Reference [17], using the partial differential equation (P-DE) method, estimated key parameters of the PV components and demonstrated better precision and faster convergence in contrast to other methods. Their approach requires fewer control parameters. However, a limitation of their method is the occurrence of singularities due to incorrect modeling and other unaddressed constraints.

This research [18] presents a new and scalable tool for real-time PV system analysis and is extendable to emerging technologies, such as perovskite and hybrid solar cells.

Other algorithms, including the particle assembly algorithm [19], the genetic algorithm [20], and several hybrid techniques, have also been implemented for parameter extraction in single- and dual-diode models, each presenting distinct advantages and drawbacks [21,22]. Despite their differences, all methods share the common goal of minimizing the errors between experimental observations and simulated outputs of the equivalent PV critical models.

However, a number of the previously discussed methods face challenges, such as convergence instability, limited scalability to multi-diode models, and high computational complexity. These constraints underscore the need for a comprehensive hybrid approach that effectively combines global and local optimization capabilities—an objective achieved in this study through the integration of WOA and FMO algorithms, further supported by DL techniques.

In reference [23], researchers applied neural networks for the enhancement of datasets from photovoltaic cells and an improved equilibrium optimizer (EO) for parameter identification in single, double, and TDMs. In the enhanced optimizer, a backpropagation neural network enables more efficient optimization with a refined fitness function. However, the method is limited by increased time consumption required for data handling.
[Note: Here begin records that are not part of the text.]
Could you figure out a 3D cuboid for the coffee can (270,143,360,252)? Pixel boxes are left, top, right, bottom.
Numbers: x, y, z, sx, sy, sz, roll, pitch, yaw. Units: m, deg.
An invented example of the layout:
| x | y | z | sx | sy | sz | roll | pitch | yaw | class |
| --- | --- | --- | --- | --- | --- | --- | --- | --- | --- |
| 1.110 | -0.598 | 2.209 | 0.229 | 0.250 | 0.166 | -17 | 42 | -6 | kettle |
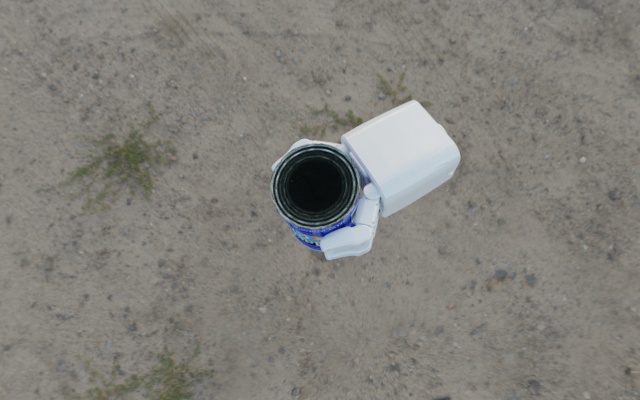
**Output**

In this regard, a new algorithm, the fractal chaotic Henon Harris hawks optimization (FCHHHO), was developed in [24], which updates the random parameter of the HHO technique using the fractal Henon chaotic map. Although it has been applied to various benchmark functions, its tendency to converge to the local optima reduces the reliability of the global minimum determination.

In [25], a PV cell model was employed for uncertainty analysis based on functional failure, utilizing a Monte Carlo-based global sensitivity analysis to evaluate the impact of parameter fluctuations on failure probability. The study yielded good results, with five variables in the single-diode module; however, as more variables with various constraints were added, the method became time-consuming and computationally expensive.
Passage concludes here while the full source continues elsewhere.